= WORK INSTRUCTIONS =
There is one span to output from the data below: the lines starting at the line with "blk.add_blockref('Block11', (0, 0), dxfattribs=at)" and ending at the line with "blk = doc.blocks.new('SW_NOTE_0_3')". Output it exactly, ends included, nothing more.

= Records from a data source =
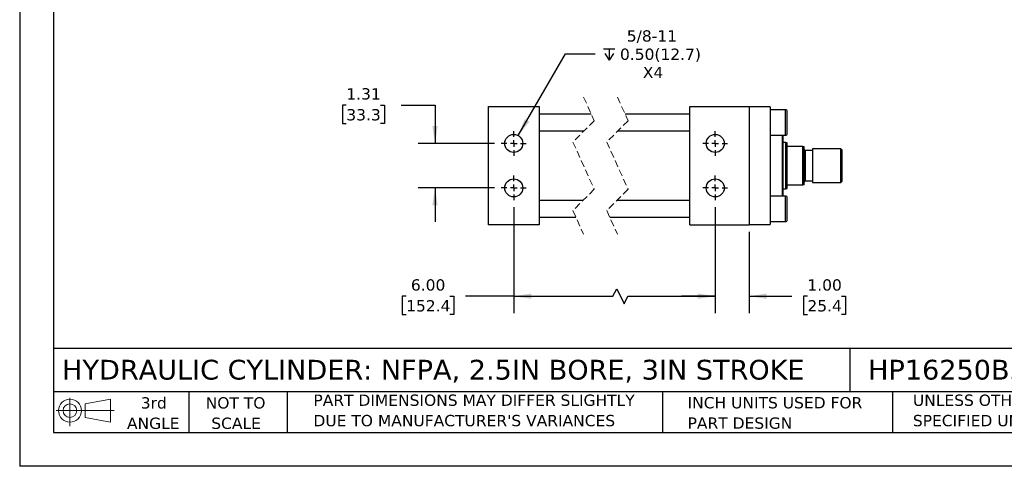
# Model space of a CAD drawing. Header units: inches. Extents: x 0 to 44, y 0 to 34.
# Tile 1 of 3: x 0 to 29.1, y 0 to 13.2. Entities that reach past the tile are written whole.
import ezdxf

# ---------------------------------------------------------------- set-up
doc = ezdxf.new("R2010")
doc.units = ezdxf.units.IN
doc.header["$LTSCALE"] = 4
doc.header["$MEASUREMENT"] = 0
for name, pattern in [('SLD-Center', [0.75, 0.6, -0.05, 0.05, -0.05]), ('SLD-Dashed', [0.075, 0.05, -0.025]), ('SLD-Solid', [0])]:
    doc.linetypes.add(name, pattern=pattern)
doc.layers.add('CENTER', color=40, linetype='SLD-Center')
doc.layers.add('SLD-DEFPOINTS', color=7, linetype='Continuous')
doc.layers.add('DIMENSIONS', color=140, linetype='SLD-Solid', lineweight=25)
doc.layers.add('TEXT', color=140, linetype='SLD-Solid', lineweight=25)
doc.styles.add('SLDTEXTSTYLE0', font='VERDANA.TTF')
doc.dimstyles.new('SLDDIMSTYLE0', dxfattribs={"dimtxt": 0.339844, "dimasz": 0.52, "dimexe": 0, "dimexo": 0.0625, "dimgap": 0.084961, "dimtad": 0, "dimtih": 1, "dimtoh": 1, "dimrnd": 1e-09, "dimzin": 4, "dimdsep": 46, "dimtxsty": 'SLDTEXTSTYLE0', "dimsah": 1, "dimcen": 0.09, "dimadec": 0, "dimazin": 1, "dimtfac": 1, "dimtofl": 0, "dimtmove": 0, "dimatfit": 3, "dimfxl": 0, "dimfrac": 2, "dimtolj": 1, "dimtzin": 12, "dimarcsym": 0})
doc.dimstyles.new('SLDDIMSTYLE2', dxfattribs={"dimtxt": 0.339844, "dimasz": 0.52, "dimexe": 0, "dimexo": 0.0625, "dimgap": 0.084961, "dimtad": 0, "dimtih": 1, "dimtoh": 1, "dimrnd": 1e-09, "dimzin": 12, "dimdsep": 46, "dimtxsty": 'SLDTEXTSTYLE0', "dimsah": 1, "dimcen": 0.09, "dimadec": 0, "dimazin": 3, "dimtfac": 1, "dimtmove": 0, "dimatfit": 0, "dimfxl": 0, "dimfrac": 2, "dimtolj": 1, "dimtzin": 12, "dimarcsym": 0})
doc.dimstyles.new('SLDDIMSTYLE4', dxfattribs={"dimtxt": 0.339844, "dimasz": 0.52, "dimexe": 0, "dimexo": 0.0625, "dimgap": 0.084961, "dimtad": 0, "dimtih": 1, "dimtoh": 1, "dimrnd": 1e-09, "dimzin": 4, "dimdsep": 46, "dimtxsty": 'SLDTEXTSTYLE0', "dimsah": 1, "dimcen": 0.09, "dimadec": 0, "dimazin": 1, "dimtfac": 1, "dimtmove": 0, "dimatfit": 0, "dimfxl": 0, "dimfrac": 2, "dimtolj": 1, "dimtzin": 12, "dimarcsym": 0})
doc.dimstyles.new('SLDDIMSTYLE6', dxfattribs={"dimtxt": 0.339844, "dimasz": 0.52, "dimexe": 0, "dimexo": 0.0625, "dimgap": 0.084961, "dimtad": 0, "dimtih": 1, "dimtoh": 1, "dimrnd": 1e-09, "dimzin": 12, "dimdsep": 46, "dimtxsty": 'SLDTEXTSTYLE0', "dimsah": 1, "dimcen": 0, "dimadec": 0, "dimazin": 3, "dimtfac": 1, "dimtofl": 0, "dimtmove": 0, "dimatfit": 3, "dimfxl": 0, "dimfrac": 2, "dimtolj": 1, "dimtzin": 12, "dimarcsym": 0})

# ---------------------------------------------------------------- blocks, each defined once
blk = doc.blocks.new('Block11')
at = {"color": 7, "linetype": 'SLD-Solid', "lineweight": 18}
for p, q in [((0.408, 0.836), (0.408, 0)), ((0.863, 0.656), (1.602, 0.792)), ((0.863, 0.251), (0.863, 0.656)), ((1.602, 0.792), (1.602, 0.115)), ((0, 0.454), (1.712, 0.454)), ((0.863, 0.251), (1.602, 0.115))]:
    blk.add_line(p, q, dxfattribs=at)
for radius in [0.339, 0.202]:
    blk.add_circle((0.408, 0.454), radius, dxfattribs=at)
blk = doc.blocks.new('Block12')
at = {"layer": 'SLD-DEFPOINTS'}
blk.add_blockref('Block11', (0, 0), dxfattribs=at)
blk = doc.blocks.new('SW_NOTE_0_2')
at = {"layer": 'TEXT', "color": 0, "char_height": 0.33333, "attachment_point": 1, "style": 'SLDTEXTSTYLE0'}
for s, insert in [('UNLESS OTHERWISE ', (0, 0.423)), ('SPECIFIED UNITS ARE:', (0, -0.179))]:
    blk.add_mtext(s, dxfattribs=dict(at, insert=insert))
blk = doc.blocks.new('SW_NOTE_0_3')
at = {"layer": 'TEXT', "color": 0, "char_height": 0.33333, "attachment_point": 1, "style": 'SLDTEXTSTYLE0'}
for s, insert in [('PART DIMENSIONS MAY DIFFER SLIGHTLY ', (0, 0.423)), ("DUE TO MANUFACTURER'S VARIANCES", (0, -0.179))]:
    blk.add_mtext(s, dxfattribs=dict(at, insert=insert))
blk = doc.blocks.new('SW_NOTE_0_4')
at = {"layer": 'TEXT', "color": 0, "char_height": 0.3333, "attachment_point": 2, "style": 'SLDTEXTSTYLE0'}
for s, insert in [('NOT TO', (0.828, 0.423)), ('SCALE', (0.843, -0.179))]:
    blk.add_mtext(s, dxfattribs=dict(at, insert=insert))
blk = doc.blocks.new('SW_NOTE_0_5')
at = {"layer": 'TEXT', "color": 0, "char_height": 0.3333, "attachment_point": 2, "style": 'SLDTEXTSTYLE0'}
for s, insert in [('3rd', (0.365, 0.423)), ('ANGLE', (0.349, -0.179))]:
    blk.add_mtext(s, dxfattribs=dict(at, insert=insert))
blk = doc.blocks.new('SW_NOTE_0_6')
at = {"layer": 'TEXT', "color": 0, "char_height": 0.33333, "attachment_point": 1, "style": 'SLDTEXTSTYLE0'}
for s, insert in [('INCH UNITS USED FOR ', (0, 0.423)), ('PART DESIGN', (0, -0.179))]:
    blk.add_mtext(s, dxfattribs=dict(at, insert=insert))
blk = doc.blocks.new('SW_SYMBOL_HOLE_DEPTH')
at = {"layer": 'DIMENSIONS', "color": 0}
for p, q in [((0, 138), (126, 138)), ((63, 138), (63, 12)), ((16, 87), (63, 12)), ((110, 87), (63, 12))]:
    blk.add_line(p, q, dxfattribs=at)
blk = doc.blocks.new('_D_18')
at = {"layer": 'DIMENSIONS'}
for p, q in [((14.732, 9.765), (16.128, 12.184)), ((16.128, 12.184), (17.003, 12.184))]:
    blk.add_line(p, q, dxfattribs=at)
blk.add_solid([(14.732, 9.765), (15.061, 10.175), (14.923, 10.255)], dxfattribs=at)
at = {"layer": 'DIMENSIONS', "xscale": 0.002688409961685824, "yscale": 0.002688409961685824, "zscale": 0.002688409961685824}
blk.add_blockref('SW_SYMBOL_HOLE_DEPTH', (17.253, 11.958), dxfattribs=at)
at = {"layer": 'DIMENSIONS', "char_height": 0.3333, "attachment_point": 1, "style": 'SLDTEXTSTYLE0'}
for s, insert in [('5/8-11', (17.941, 12.877)), ('0.50(12.7)', (17.739, 12.337)), ('X4', (18.414, 11.797))]:
    blk.add_mtext(s, dxfattribs=dict(at, insert=insert))
blk = doc.blocks.new('_D_19')
at = {"layer": 'DIMENSIONS'}
for p, q in [((9.652, 10.666), (9.538, 10.666)), ((9.538, 10.666), (9.538, 10.126)), ((10.662, 10.666), (10.776, 10.666)), ((10.776, 10.666), (10.776, 10.126)), ((11.274, 10.666), (12.274, 10.666)), ((12.274, 10.666), (12.274, 9.535)), ((9.538, 10.126), (9.652, 10.126)), ((10.776, 10.126), (10.662, 10.126)), ((14.034, 9.535), (11.774, 9.535)), ((14.034, 8.223), (11.774, 8.223)), ((12.274, 8.223), (12.274, 7.223))]:
    blk.add_line(p, q, dxfattribs=at)
for points in [[(12.274, 9.535), (12.354, 10.055), (12.194, 10.055)], [(12.274, 8.223), (12.194, 7.703), (12.354, 7.703)]]:
    blk.add_solid(points, dxfattribs=at)
at = {"layer": 'DIMENSIONS', "char_height": 0.3333, "attachment_point": 1, "style": 'SLDTEXTSTYLE0'}
for s, insert in [('1.31', (9.652, 11.166)), ('33.3', (9.652, 10.549))]:
    blk.add_mtext(s, dxfattribs=dict(at, insert=insert))
blk = doc.blocks.new('_D_20')
at = {"layer": 'DIMENSIONS'}
for p, q in [((14.599, 7.658), (14.599, 4.524)), ((20.555, 7.658), (20.555, 4.524)), ((17.531, 5.024), (17.642, 5.246)), ((17.642, 5.246), (17.864, 4.802)), ((11.42, 5.024), (11.306, 5.024)), ((11.306, 5.024), (11.306, 4.484)), ((12.713, 5.024), (12.827, 5.024)), ((12.827, 5.024), (12.827, 4.484)), ((14.599, 5.024), (13.173, 5.024)), ((14.599, 5.024), (17.531, 5.024)), ((17.864, 4.802), (17.975, 5.024)), ((17.975, 5.024), (20.555, 5.024)), ((11.306, 4.484), (11.42, 4.484)), ((12.827, 4.484), (12.713, 4.484))]:
    blk.add_line(p, q, dxfattribs=at)
for points in [[(14.599, 5.024), (15.119, 4.944), (15.119, 5.104)], [(20.555, 5.024), (20.035, 5.104), (20.035, 4.944)]]:
    blk.add_solid(points, dxfattribs=at)
at = {"layer": 'DIMENSIONS', "char_height": 0.3333, "attachment_point": 1, "style": 'SLDTEXTSTYLE0'}
for s, insert in [('6.00', (11.561, 5.523)), ('152.4', (11.42, 4.907))]:
    blk.add_mtext(s, dxfattribs=dict(at, insert=insert))
blk = doc.blocks.new('_D_21')
at = {"layer": 'DIMENSIONS'}
for p, q in [((20.555, 7.658), (20.555, 4.524)), ((21.555, 6.929), (21.555, 4.524)), ((20.555, 5.024), (19.555, 5.024)), ((21.555, 5.024), (22.817, 5.024)), ((23.277, 5.024), (23.163, 5.024)), ((23.163, 5.024), (23.163, 4.484)), ((24.287, 5.024), (24.401, 5.024)), ((24.401, 5.024), (24.401, 4.484)), ((23.163, 4.484), (23.277, 4.484)), ((24.401, 4.484), (24.287, 4.484))]:
    blk.add_line(p, q, dxfattribs=at)
for points in [[(20.555, 5.024), (20.035, 5.104), (20.035, 4.944)], [(21.555, 5.024), (22.075, 4.944), (22.075, 5.104)]]:
    blk.add_solid(points, dxfattribs=at)
at = {"layer": 'DIMENSIONS', "char_height": 0.3333, "attachment_point": 1, "style": 'SLDTEXTSTYLE0'}
for s, insert in [('1.00', (23.277, 5.523)), ('25.4', (23.277, 4.907))]:
    blk.add_mtext(s, dxfattribs=dict(at, insert=insert))
blk = doc.blocks.new('SW_CENTERMARKSYMBOL_6')
at = {"layer": 'CENTER', "color": 0}
for p, q in [((0, 0.2), (0, 0.366)), ((-0.2, 0), (-0.366, 0)), ((0, 0), (-0.1, 0)), ((0, 0), (0, 0.1)), ((0, 0), (0, -0.1)), ((0, 0), (0.1, 0)), ((0.2, 0), (0.366, 0)), ((0, -0.2), (0, -0.366))]:
    blk.add_line(p, q, dxfattribs=at)
blk = doc.blocks.new('SW_CENTERMARKSYMBOL_7')
at = {"layer": 'CENTER', "color": 0}
for p, q in [((0, 0.2), (0, 0.366)), ((-0.2, 0), (-0.366, 0)), ((0, 0), (-0.1, 0)), ((0, 0), (0, 0.1)), ((0, 0), (0, -0.1)), ((0, 0), (0.1, 0)), ((0.2, 0), (0.366, 0)), ((0, -0.2), (0, -0.366))]:
    blk.add_line(p, q, dxfattribs=at)
blk = doc.blocks.new('SW_CENTERMARKSYMBOL_8')
at = {"layer": 'CENTER', "color": 0}
for p, q in [((0, 0.2), (0, 0.366)), ((-0.2, 0), (-0.366, 0)), ((0, 0), (-0.1, 0)), ((0, 0), (0, 0.1)), ((0, 0), (0, -0.1)), ((0, 0), (0.1, 0)), ((0.2, 0), (0.366, 0)), ((0, -0.2), (0, -0.366))]:
    blk.add_line(p, q, dxfattribs=at)
blk = doc.blocks.new('SW_CENTERMARKSYMBOL_9')
at = {"layer": 'CENTER', "color": 0}
for p, q in [((0, 0.2), (0, 0.366)), ((-0.2, 0), (-0.366, 0)), ((0, 0), (-0.1, 0)), ((0, 0), (0, 0.1)), ((0, 0), (0, -0.1)), ((0, 0), (0.1, 0)), ((0.2, 0), (0.366, 0)), ((0, -0.2), (0, -0.366))]:
    blk.add_line(p, q, dxfattribs=at)

msp = doc.modelspace()

# ---------------------------------------------------------------- linework, layer by layer
at = {"color": 7, "linetype": 'SLD-Solid'}
for p in [(0, 34), (44, 0)]:
    msp.add_line(p, (0, 0), dxfattribs=at)
at = {"color": 7, "linetype": 'SLD-Dashed', "lineweight": 18}
for p, q in [((16.664, 10.904), (16.979, 10.207)), ((17.664, 10.904), (17.979, 10.207)), ((16.979, 10.207), (16.349, 9.577)), ((17.979, 10.207), (17.349, 9.577)), ((16.349, 9.577), (16.979, 8.182)), ((17.349, 9.577), (17.979, 8.182)), ((16.979, 8.182), (16.349, 7.552)), ((17.979, 8.182), (17.349, 7.552)), ((16.349, 7.552), (16.664, 6.854)), ((17.349, 7.552), (17.664, 6.854))]:
    msp.add_line(p, q, dxfattribs=at)
for p, q in [((13.849, 10.629), (15.349, 10.629)), ((13.849, 7.129), (13.849, 10.629)), ((15.349, 10.629), (15.349, 7.129)), ((19.805, 10.629), (21.555, 10.629)), ((19.805, 7.129), (19.805, 10.629)), ((21.555, 10.629), (21.555, 7.129)), ((22.18, 10.619), (21.555, 10.619)), ((22.18, 10.619), (22.18, 7.139)), ((22.63, 10.529), (22.18, 10.529)), ((22.63, 10.154), (22.63, 10.529)), ((22.68, 9.829), (22.68, 10.479)), ((16.89, 10.404), (15.349, 10.404)), ((19.805, 10.404), (17.89, 10.404)), ((15.349, 9.904), (16.677, 9.904)), ((17.677, 9.904), (19.805, 9.904)), ((22.63, 9.779), (22.63, 10.154)), ((22.18, 9.779), (22.63, 9.779)), ((22.542, 8.879), (22.542, 9.779)), ((22.562, 7.979), (22.562, 9.779)), ((22.637, 9.567), (22.562, 9.567)), ((22.681, 9.551), (22.637, 9.567)), ((22.637, 8.192), (22.637, 9.567)), ((22.681, 9.473), (22.681, 9.551)), ((22.681, 8.285), (22.681, 9.473)), ((23.142, 9.442), (22.712, 9.442)), ((23.142, 8.317), (23.142, 9.442)), ((23.142, 9.442), (23.181, 9.442)), ((23.181, 8.317), (23.181, 9.442)), ((23.431, 9.331), (23.212, 9.331)), ((23.212, 9.331), (23.212, 8.428)), ((24.267, 9.379), (23.431, 9.379)), ((23.431, 9.379), (23.431, 8.379)), ((24.306, 9.34), (24.267, 9.379)), ((24.267, 8.379), (24.267, 9.379)), ((24.306, 8.418), (24.306, 9.34)), ((22.542, 7.979), (22.542, 8.879)), ((22.562, 8.192), (22.637, 8.192)), ((22.637, 8.192), (22.681, 8.208)), ((22.681, 8.208), (22.681, 8.285)), ((22.712, 8.317), (23.142, 8.317)), ((23.181, 8.317), (23.142, 8.317)), ((23.212, 8.428), (23.431, 8.428)), ((23.431, 8.379), (24.267, 8.379)), ((24.267, 8.379), (24.306, 8.418)), ((22.63, 7.979), (22.18, 7.979)), ((22.63, 7.229), (22.63, 7.979)), ((22.68, 7.604), (22.68, 7.929)), ((16.652, 7.854), (15.349, 7.854)), ((19.805, 7.854), (17.652, 7.854)), ((22.68, 7.279), (22.68, 7.604)), ((15.349, 7.354), (16.439, 7.354)), ((17.439, 7.354), (19.805, 7.354)), ((15.349, 7.129), (13.849, 7.129)), ((19.805, 7.129), (21.555, 7.129)), ((21.555, 7.139), (22.18, 7.139)), ((22.18, 7.229), (22.63, 7.229))]:
    msp.add_line(p, q)
for centre in [(14.599, 9.535), (20.555, 9.535), (14.599, 8.223), (20.555, 8.223)]:
    msp.add_circle(centre, 0.266)
for centre, radius, start, end in [((22.63, 10.479), 0.05, 359.9997, 90.0002), ((22.63, 9.829), 0.05, 269.9998, 0.0003), ((23.212, 9.362), 0.0312, 179.9995, 270.0004), ((23.212, 8.396), 0.0312, 89.9996, 180.0005), ((22.63, 7.929), 0.05, 359.9997, 90.0002), ((22.63, 7.279), 0.05, 269.9998, 0.0003)]:
    msp.add_arc(centre, radius, start, end)
for points, knots in [([(22.712, 9.442), (22.71, 9.442), (22.706, 9.442), (22.7, 9.444), (22.693, 9.448), (22.684, 9.456), (22.681, 9.466), (22.681, 9.472), (22.681, 9.473)], [0, 0, 0, 0, 0.122723, 0.236209, 0.400646, 0.625866, 0.957038, 1, 1, 1, 1]), ([(22.681, 8.285), (22.682, 8.291), (22.683, 8.299), (22.689, 8.307), (22.695, 8.312), (22.702, 8.315), (22.708, 8.316), (22.711, 8.317), (22.712, 8.317)], [0, 0, 0, 0, 0.322425, 0.477163, 0.661271, 0.794626, 0.922286, 1, 1, 1, 1])]:
    msp.add_open_spline(points, degree=3, knots=knots)
at = {"layer": 'TEXT'}
for p, q in [((1, 33), (1, 1)), ((43, 3.484), (1, 3.484)), ((24.529, 3.484), (24.529, 2.2)), ((43, 2.2), (1, 2.2)), ((5, 2.2), (5, 1)), ((7.907, 2.2), (7.907, 1)), ((18.999, 2.2), (18.999, 1)), ((25.792, 2.2), (25.792, 1)), ((1, 1), (43, 1))]:
    msp.add_line(p, q, dxfattribs=at)

# ---------------------------------------------------------------- block references
at = {"layer": 'CENTER'}
for name, p in [('SW_CENTERMARKSYMBOL_7', (14.599, 9.535)), ('SW_CENTERMARKSYMBOL_8', (20.555, 9.535)), ('SW_CENTERMARKSYMBOL_6', (14.599, 8.223)), ('SW_CENTERMARKSYMBOL_9', (20.555, 8.223))]:
    msp.add_blockref(name, p, dxfattribs=at)
at = {"layer": 'SLD-DEFPOINTS'}
msp.add_blockref('Block12', (1.077, 1.19), dxfattribs=at)
at = {"layer": 'TEXT'}
for name, p in [('SW_NOTE_0_5', (3.598, 1.617)), ('SW_NOTE_0_4', (5.552, 1.617)), ('SW_NOTE_0_3', (8.68, 1.696)), ('SW_NOTE_0_6', (19.737, 1.622)), ('SW_NOTE_0_2', (26.395, 1.696))]:
    msp.add_blockref(name, p, dxfattribs=at)

# ---------------------------------------------------------------- texts
at = {"layer": 'TEXT', "attachment_point": 1, "style": 'SLDTEXTSTYLE0'}
for s, insert, char_height in [('HYDRAULIC CYLINDER: NFPA, 2.5IN BORE, 3IN STROKE', (1.254, 3.145), 0.58333), ('HP16250B3S', (25.072, 3.145), 0.5833)]:
    msp.add_mtext(s, dxfattribs=dict(at, insert=insert, char_height=char_height))

# ---------------------------------------------------------------- dimensions: what is measured, and where the dimension line sits
at = {"layer": 'DIMENSIONS'}
dim = msp.add_diameter_dim_2p(p1=(14.466, 9.305), p2=(14.732, 9.765), text='5/8-11\\P{\\fGDT;x}0.50(12.7)\\PX4', dimstyle='SLDDIMSTYLE6', override={"dimpost": '<>'}, dxfattribs=at)
dim.commit()
dim.dimension.update_dxf_attribs({"geometry": '_D_18', "text_midpoint": (18.708, 12.184), "dimtype": 163})
dim = msp.add_linear_dim(base=(12.274, 8.223), p1=(14.234, 9.535), p2=(14.234, 8.223), angle=90, dimstyle='SLDDIMSTYLE2', dxfattribs=at)
dim.commit()
dim.dimension.update_dxf_attribs({"geometry": '_D_19', "text_midpoint": (12.274, 10.666), "dimtype": 160})
dim = msp.add_linear_dim(base=(20.555, 5.024), p1=(14.599, 7.858), p2=(20.555, 7.858), text='6.00', dimstyle='SLDDIMSTYLE0', dxfattribs=at)
dim.commit()
dim.dimension.update_dxf_attribs({"geometry": '_D_20', "text_midpoint": (12.066, 5.024), "dimtype": 160})
dim = msp.add_linear_dim(base=(21.555, 5.024), p1=(20.555, 7.858), p2=(21.555, 7.129), dimstyle='SLDDIMSTYLE4', dxfattribs=at)
dim.commit()
dim.dimension.update_dxf_attribs({"geometry": '_D_21', "text_midpoint": (23.782, 5.024), "dimtype": 160})

doc.saveas('drawing.dxf')

= SOLVED PROBLEM =
blk.add_blockref('Block11', (0, 0), dxfattribs=at)
blk = doc.blocks.new('SW_NOTE_0_2')
at = {"layer": 'TEXT', "color": 0, "char_height": 0.33333, "attachment_point": 1, "style": 'SLDTEXTSTYLE0'}
for s, insert in [('UNLESS OTHERWISE ', (0, 0.423)), ('SPECIFIED UNITS ARE:', (0, -0.179))]:
    blk.add_mtext(s, dxfattribs=dict(at, insert=insert))
blk = doc.blocks.new('SW_NOTE_0_3')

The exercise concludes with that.